Regulatory challenges vary worldwide
Because the world's deepwater offshore plays are regulated by various political bodies, regulatory issues must be dealt with meticulously. A good recent example was the introduction of the first FPSO into U.S. Gulf of Mexico waters. Notwithstanding the fact that FPSOs have been used worldwide with great success, the authorization to deploy one in the Gulf of Mexico was met with considerable red tape. Although successful deepwater development is ongoing in many places worldwide, obtaining the requisite permission can be a major exercise in planning and diplomacy.
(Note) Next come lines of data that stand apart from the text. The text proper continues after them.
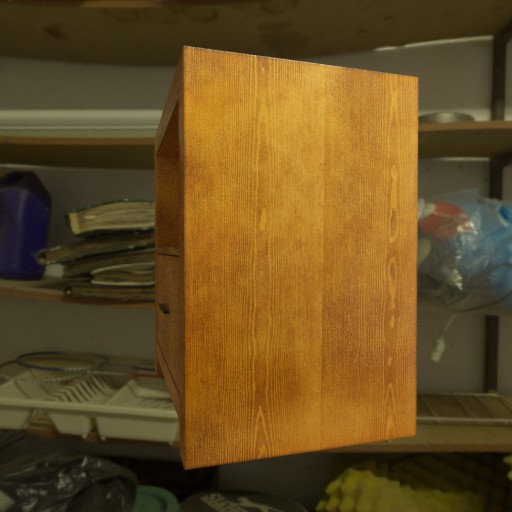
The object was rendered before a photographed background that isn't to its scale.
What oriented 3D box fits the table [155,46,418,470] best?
[{"bbox_3d":[0.000,0.000,0.950,0.400,0.605,0.550,0,1,-17],"label":"table"}]
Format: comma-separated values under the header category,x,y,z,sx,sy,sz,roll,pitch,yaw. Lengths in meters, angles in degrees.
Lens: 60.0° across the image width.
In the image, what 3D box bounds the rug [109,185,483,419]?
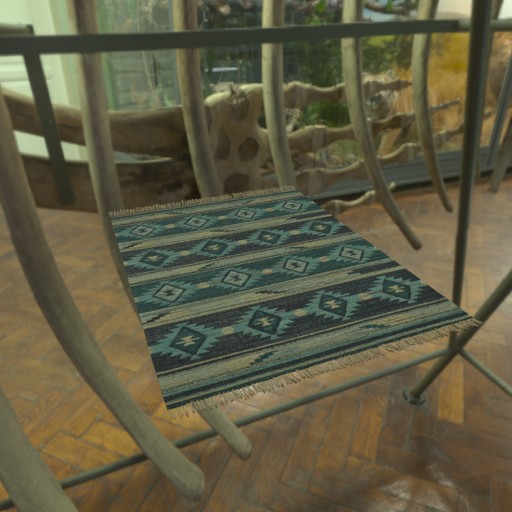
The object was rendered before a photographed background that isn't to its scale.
category,x,y,z,sx,sy,sz,roll,pitch,yaw
rug,0.000,0.000,4.293,2.418,0.047,3.307,-11,31,-19
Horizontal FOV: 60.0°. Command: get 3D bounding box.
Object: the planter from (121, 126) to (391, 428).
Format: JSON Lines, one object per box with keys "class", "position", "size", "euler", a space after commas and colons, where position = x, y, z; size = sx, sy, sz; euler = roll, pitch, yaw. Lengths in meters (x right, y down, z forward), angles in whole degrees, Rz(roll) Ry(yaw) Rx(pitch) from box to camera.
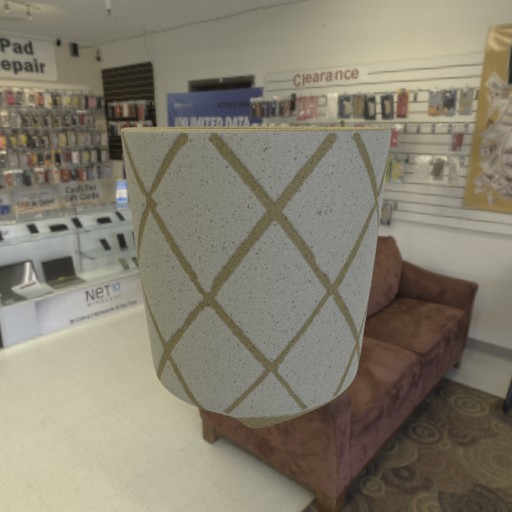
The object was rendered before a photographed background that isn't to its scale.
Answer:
{"class": "planter", "position": [0.000, 0.000, 0.422], "size": [0.228, 0.235, 0.228], "euler": [0, 17, 0]}
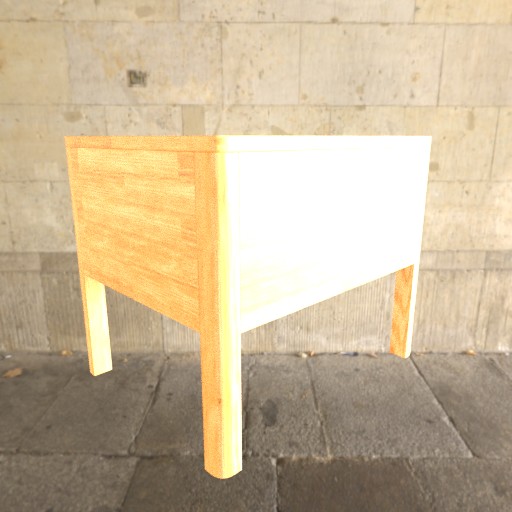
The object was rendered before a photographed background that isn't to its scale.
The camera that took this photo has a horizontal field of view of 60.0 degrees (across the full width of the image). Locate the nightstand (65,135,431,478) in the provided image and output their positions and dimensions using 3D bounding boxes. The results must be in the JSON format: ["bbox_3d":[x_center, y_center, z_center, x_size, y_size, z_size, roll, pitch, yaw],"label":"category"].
[{"bbox_3d":[0.000,0.000,0.900,0.560,0.470,0.440,-14,20,-42],"label":"nightstand"}]
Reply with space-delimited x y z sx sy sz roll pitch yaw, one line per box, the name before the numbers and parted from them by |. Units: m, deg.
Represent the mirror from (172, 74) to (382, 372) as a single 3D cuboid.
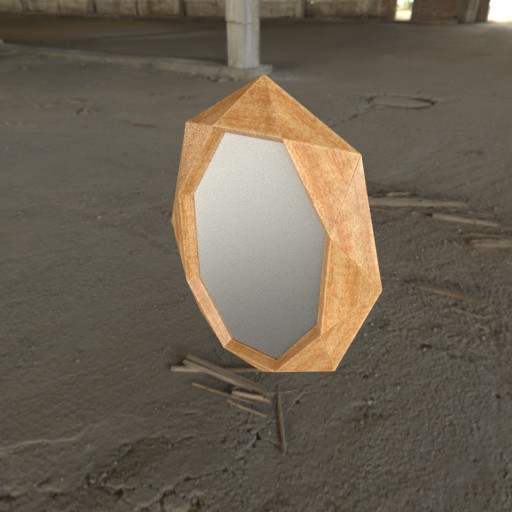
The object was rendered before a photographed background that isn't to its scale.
mirror | 0.000 0.000 1.017 0.577 0.774 0.070 19 36 29
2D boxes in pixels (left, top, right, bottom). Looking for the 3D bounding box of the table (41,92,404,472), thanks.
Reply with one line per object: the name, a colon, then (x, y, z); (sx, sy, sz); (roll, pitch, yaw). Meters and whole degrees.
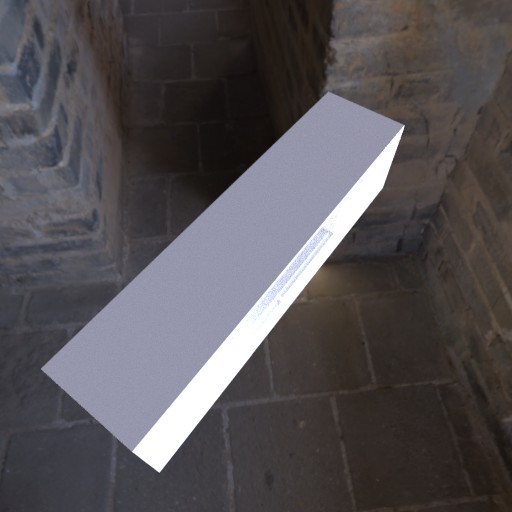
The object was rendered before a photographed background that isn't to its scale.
table: (0.000, 0.000, 1.811); (0.390, 0.420, 1.650); (32, 62, 19)
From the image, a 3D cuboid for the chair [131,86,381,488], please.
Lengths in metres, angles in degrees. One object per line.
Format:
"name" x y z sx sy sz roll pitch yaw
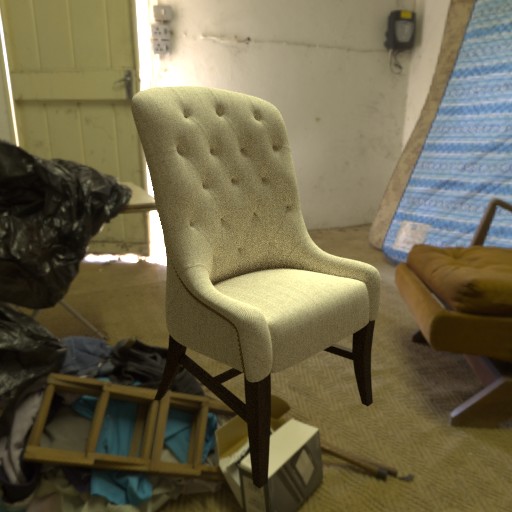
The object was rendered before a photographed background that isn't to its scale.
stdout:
"chair" 0.000 0.000 1.476 0.634 1.091 0.629 -15 21 -42
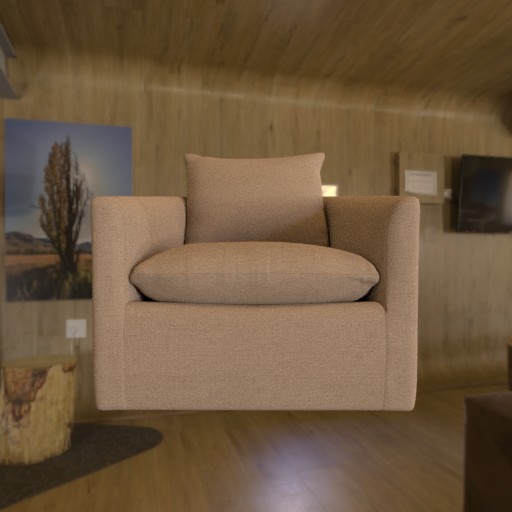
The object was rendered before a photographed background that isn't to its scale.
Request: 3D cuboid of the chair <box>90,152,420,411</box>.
[{"bbox_3d":[0.000,0.000,1.555,0.845,0.848,0.910,0,0,0],"label":"chair"}]
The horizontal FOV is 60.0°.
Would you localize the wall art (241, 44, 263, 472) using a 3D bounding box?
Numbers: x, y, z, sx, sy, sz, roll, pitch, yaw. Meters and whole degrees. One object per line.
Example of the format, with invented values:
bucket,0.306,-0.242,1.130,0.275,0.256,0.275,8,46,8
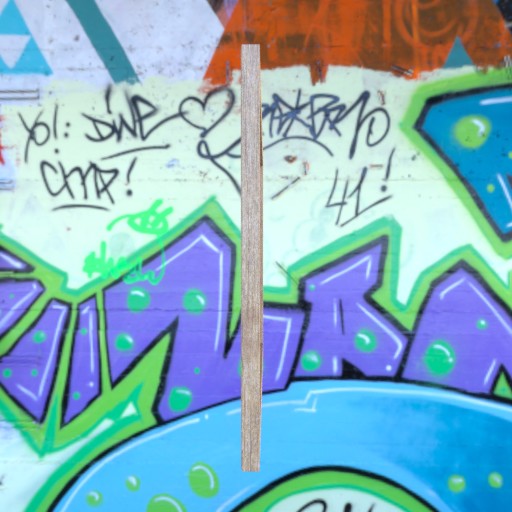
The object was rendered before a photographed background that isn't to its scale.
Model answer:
wall art,0.000,0.000,0.954,0.026,0.588,0.690,0,1,1
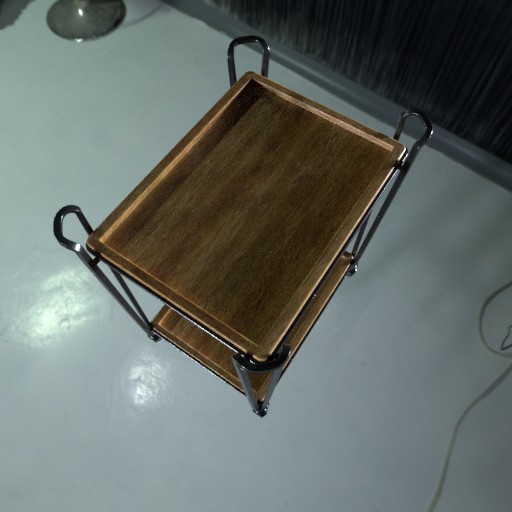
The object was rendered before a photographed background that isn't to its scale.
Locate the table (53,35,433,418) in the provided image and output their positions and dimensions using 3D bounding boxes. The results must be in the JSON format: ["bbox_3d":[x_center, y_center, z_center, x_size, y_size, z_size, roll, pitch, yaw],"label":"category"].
[{"bbox_3d":[0.000,0.000,1.223,0.505,0.785,0.672,31,68,14],"label":"table"}]
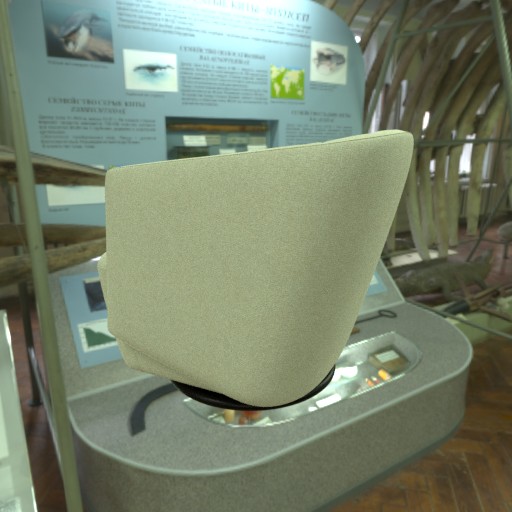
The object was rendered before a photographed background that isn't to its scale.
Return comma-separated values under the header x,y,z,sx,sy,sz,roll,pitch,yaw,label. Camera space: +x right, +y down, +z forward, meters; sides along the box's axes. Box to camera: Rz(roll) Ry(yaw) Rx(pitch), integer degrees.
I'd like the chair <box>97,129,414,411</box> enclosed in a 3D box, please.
x,y,z,sx,sy,sz,roll,pitch,yaw,label
0.000,0.000,1.586,0.986,0.861,0.822,7,16,26,chair
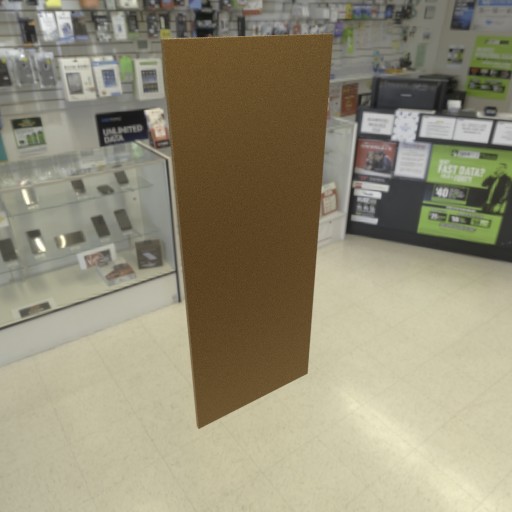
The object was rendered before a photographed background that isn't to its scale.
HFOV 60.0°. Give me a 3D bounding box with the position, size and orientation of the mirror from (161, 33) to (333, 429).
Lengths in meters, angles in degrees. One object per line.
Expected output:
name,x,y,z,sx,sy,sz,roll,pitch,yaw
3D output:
mirror,0.000,0.000,2.283,0.812,2.031,0.025,-18,33,-29
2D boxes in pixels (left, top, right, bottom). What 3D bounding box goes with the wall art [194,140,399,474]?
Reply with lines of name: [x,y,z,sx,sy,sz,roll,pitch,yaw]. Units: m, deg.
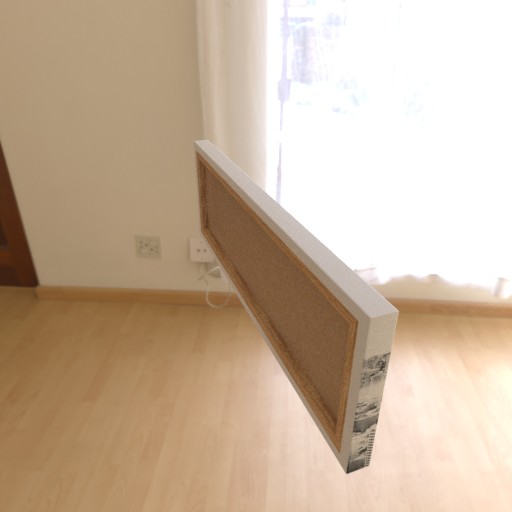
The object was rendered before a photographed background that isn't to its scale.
wall art: [0.000,0.000,0.839,0.038,0.255,0.763,-10,31,-18]
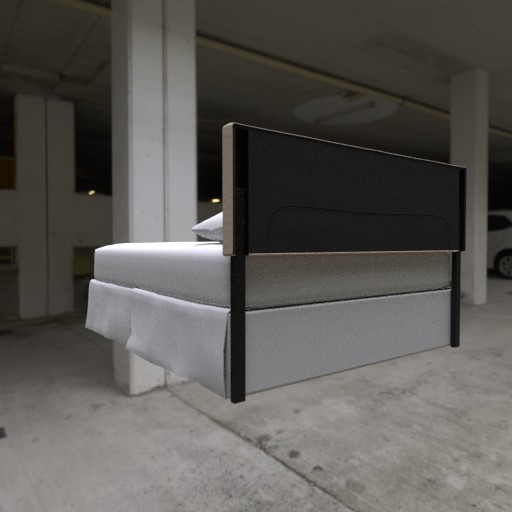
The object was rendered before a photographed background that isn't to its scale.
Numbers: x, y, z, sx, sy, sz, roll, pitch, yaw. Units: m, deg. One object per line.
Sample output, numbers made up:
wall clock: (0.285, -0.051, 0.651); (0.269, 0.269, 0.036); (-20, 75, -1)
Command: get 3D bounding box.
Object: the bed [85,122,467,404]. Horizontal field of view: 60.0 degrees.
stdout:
bed: (0.000, 0.000, 2.799); (1.616, 1.016, 1.876); (-1, 2, -36)
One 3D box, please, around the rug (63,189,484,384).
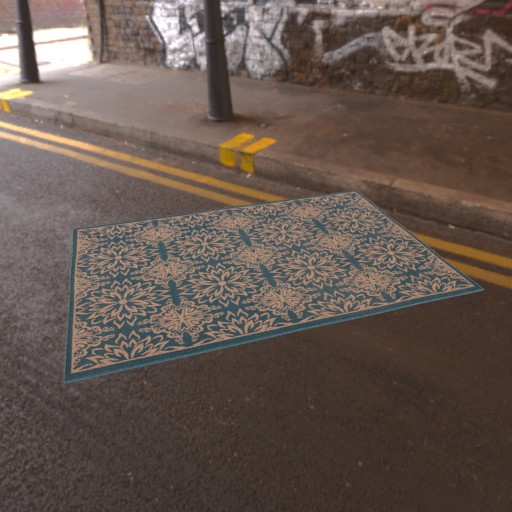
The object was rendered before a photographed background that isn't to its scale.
[{"bbox_3d":[0.000,0.000,2.303,1.833,0.012,1.211,-10,33,-15],"label":"rug"}]
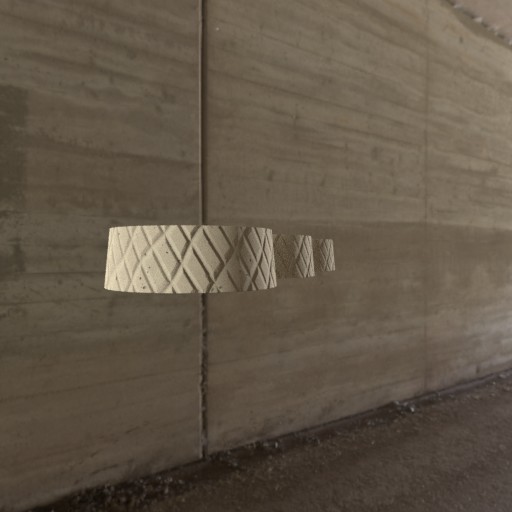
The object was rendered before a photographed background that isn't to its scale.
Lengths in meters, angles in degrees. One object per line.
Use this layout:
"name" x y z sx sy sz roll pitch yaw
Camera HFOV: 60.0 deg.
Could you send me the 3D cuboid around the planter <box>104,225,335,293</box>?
"planter" 0.000 0.000 0.432 0.114 0.038 0.390 0 1 18
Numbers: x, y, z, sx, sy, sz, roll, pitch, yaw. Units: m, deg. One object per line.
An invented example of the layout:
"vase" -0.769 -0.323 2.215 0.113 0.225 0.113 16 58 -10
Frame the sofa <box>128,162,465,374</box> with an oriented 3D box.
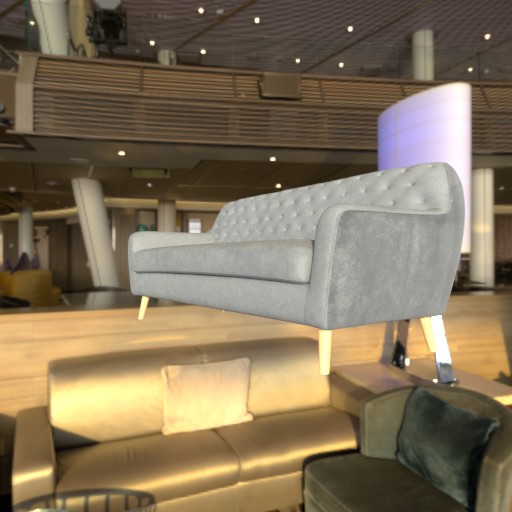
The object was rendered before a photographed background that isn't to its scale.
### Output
"sofa" 0.000 0.000 2.442 0.841 0.832 1.975 0 -1 -35
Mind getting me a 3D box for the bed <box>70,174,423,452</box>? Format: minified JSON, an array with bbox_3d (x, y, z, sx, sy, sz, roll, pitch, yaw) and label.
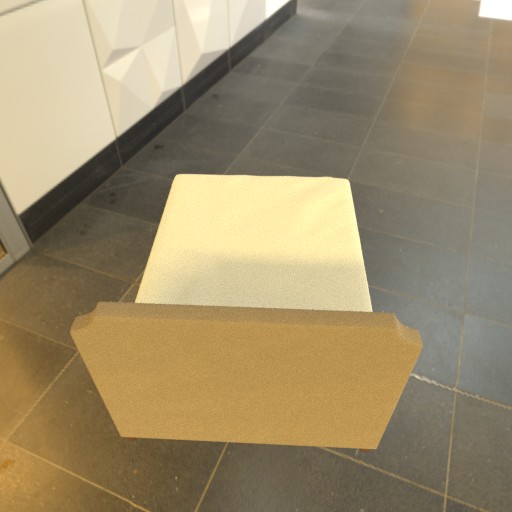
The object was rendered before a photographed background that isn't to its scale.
[{"bbox_3d":[0.000,0.000,3.335,1.703,1.415,2.329,2,44,2],"label":"bed"}]

And the playing field is changing rapidly. Mexico just announced its first deepwater discovery, development of which must face the usual safety and environmental concerns, but also must be conducted in accordance with the Mexican Constitution, which limits the role that can be played by foreign firms with deepwater experience.
Endless possibilities
The potential of deepwater exploration and production worldwide is immense. With the aid of sustained energy demand and enabling technology, there is little doubt that efforts will ultimately prove successful.